One hundred and eighty parents came to San Dieguito High School Academy in Encinitas on April 5 to listen to the Tune in to Your Teen parent forum about effectively connecting with our teenage young adults. A panel of four distinguished speakers included SDA counselor Julianne Velasco, Rev. John Breding of Rady Children’s Hospital, Season Hewitt of the Scripps MacDonald Adolescent Treatment Center and Clarita Thoms-May, a licensed marriage, family and child therapist, shared their insights about how to engage our teens on universal high school issues.
Springtime can be a very stressful time for our students. There are academic pressures around finals and standardized exams. Juniors and seniors are preparing for next year — taking additional tests, deciding on a college or identifying other options. Feelings of uncertainty and exhaustion are prevalent. “If you notice a change in your teens’ friends, grades or your teen is spending a lot of time alone, be supportive. Check in with him/her about your observations. Support your teen with a nurturing approach, rather than confrontational,” Velasco said.

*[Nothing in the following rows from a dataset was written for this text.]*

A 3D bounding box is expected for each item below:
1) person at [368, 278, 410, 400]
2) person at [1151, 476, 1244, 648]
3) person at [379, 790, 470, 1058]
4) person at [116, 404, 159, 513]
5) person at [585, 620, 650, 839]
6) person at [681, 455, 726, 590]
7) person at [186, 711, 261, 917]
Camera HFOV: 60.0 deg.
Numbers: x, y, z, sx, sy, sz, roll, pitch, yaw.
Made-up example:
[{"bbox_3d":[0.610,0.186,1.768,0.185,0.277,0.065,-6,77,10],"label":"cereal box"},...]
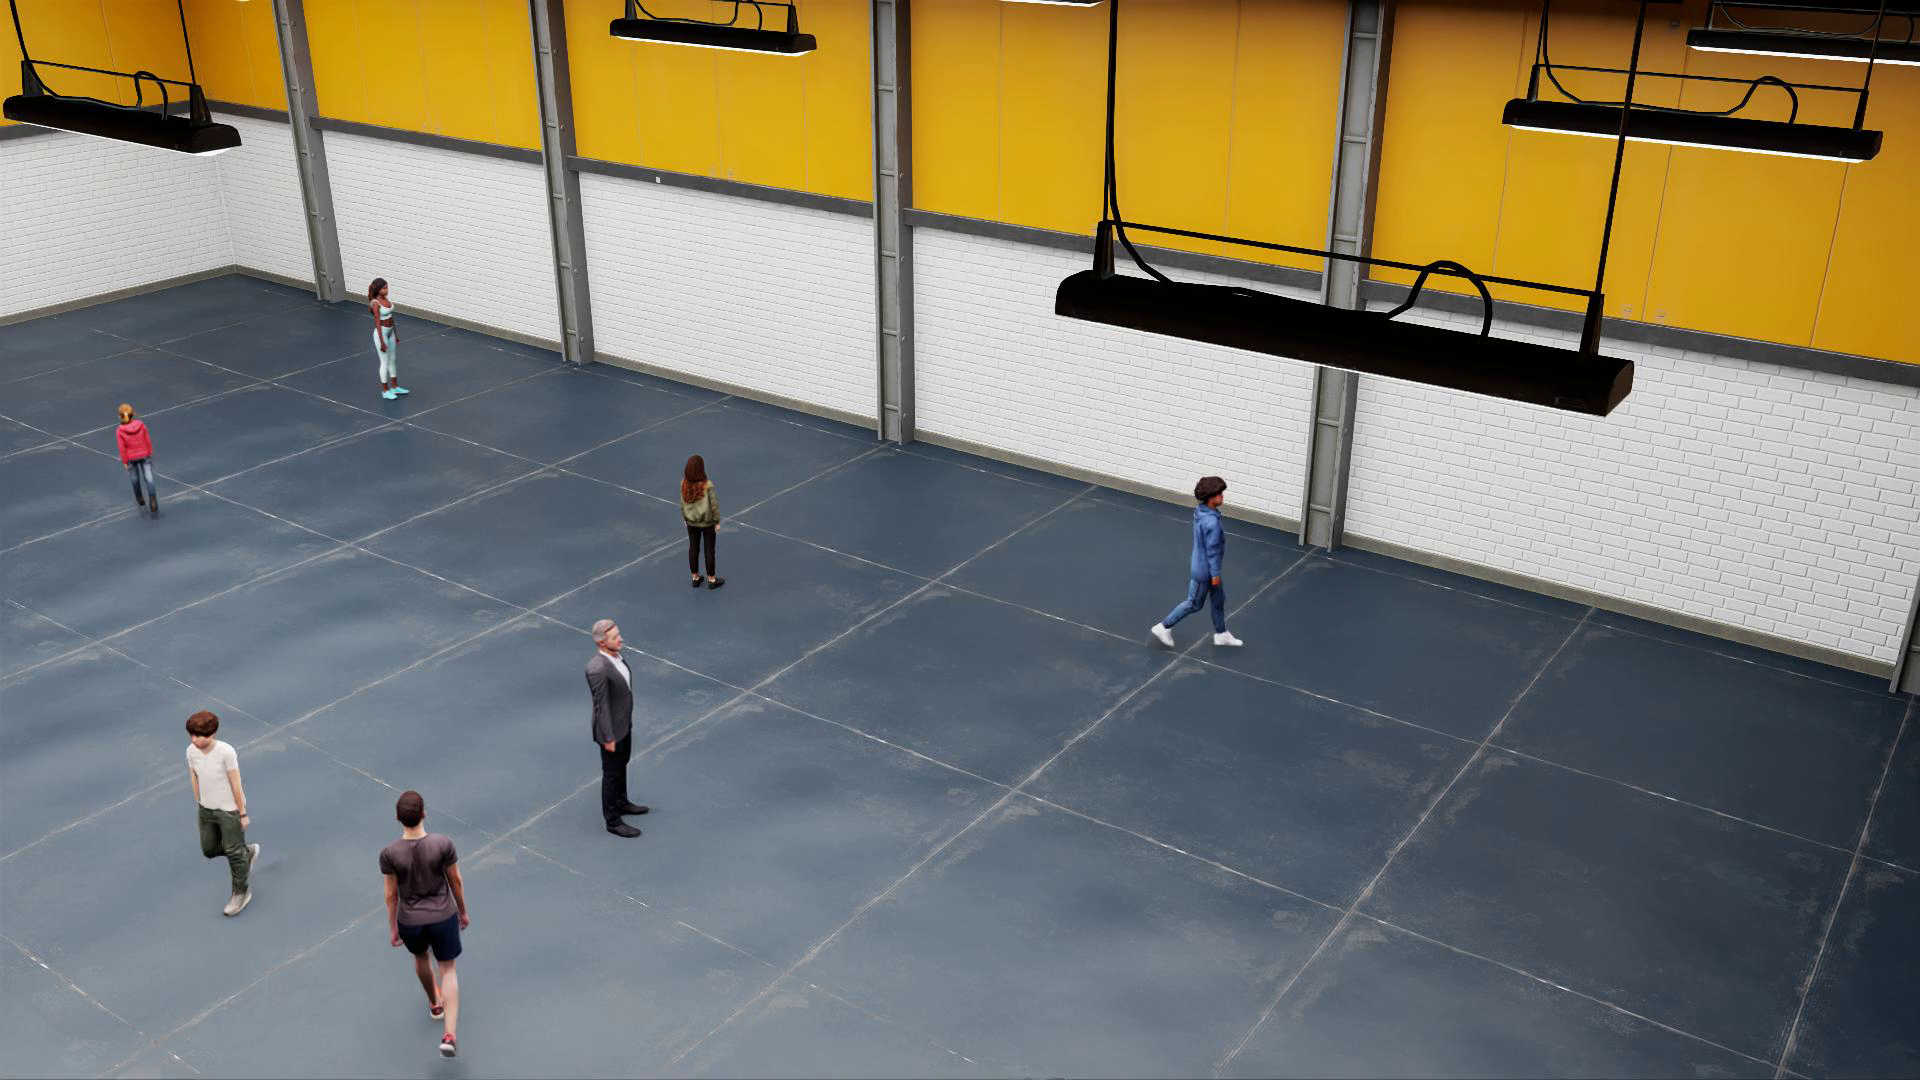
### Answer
[{"bbox_3d":[-8.029,-2.828,23.222,0.655,1.723,0.644,5,24,10],"label":"person"},{"bbox_3d":[2.303,0.255,16.098,1.243,1.781,1.030,2,24,5],"label":"person"},{"bbox_3d":[-3.461,2.533,10.836,1.091,1.821,1.218,-7,24,-15],"label":"person"},{"bbox_3d":[-9.581,-0.931,19.425,0.740,1.289,0.973,-14,27,-29],"label":"person"},{"bbox_3d":[-2.761,1.458,13.269,0.811,1.842,0.812,1,24,3],"label":"person"},{"bbox_3d":[-2.731,-0.195,17.510,0.536,1.475,0.693,8,25,17],"label":"person"},{"bbox_3d":[-5.428,1.965,12.358,0.838,1.643,0.827,3,24,7],"label":"person"}]

Breding spoke about helping our teens with grief and loss, particularly as it relates to the death of a family member or friend. “We heal from loss through grief and teens need lots of support in their grieving process,” he said. “Grief is a natural part of life. It is important for teens to feel the sadness and the loss in a healthy fashion so that they are prepared for when the next crisis occurs in their life. Foster hope by giving support. Get through by setting small goals — get through one day, then the next, which will build on resiliency… Teens may also grieve from the loss of a friendship, a spot on a team or from academic disappointment.”
Hewitt, an adolescent treatment counselor, showed powerful brain scans of a normal brain contrasted with damaged brain scans from use on marijuana and other illicit drugs, which can be viewed at amenclinc.com (click on SPECT image gallery). “Parents send mixed messages about marijuana to their teens, which is very confusing,” she said. “The worst thing that you can do is to ignore the problem. Educate yourself about what’s out there — take advantage of the many resources and ask for help. It is a sign of strength to ask for help.”
“Prevention studies show that clear messaging from parents about drinking and drug use is the No. 1 deterrent for teens to not drink and use drugs,” I said to the audience, as Student Support Service council and moderator of the evening.
Thoms-May provided results of the recent SDA parent teen communication survey and insights from her private practice. “Interrupting, yelling, lecturing, not giving me all of their attention and comparing me to someone else, are all things that my parents do that make me NOT want to talk to them,” were all things reported by a random sampling of SDA teens. Students in all grades responded to the survey. The anonymous teen/parent survey was prepared by the Student Support Service council of the foundation.
SDA teens report turning to their friends and moms, in that order, when wanting advise about problems, questions about sex, online bullying and peer problems. “Ask your teens about how they might manage a problem and listen to their ideas,” Thoms-May said. “Be patient.”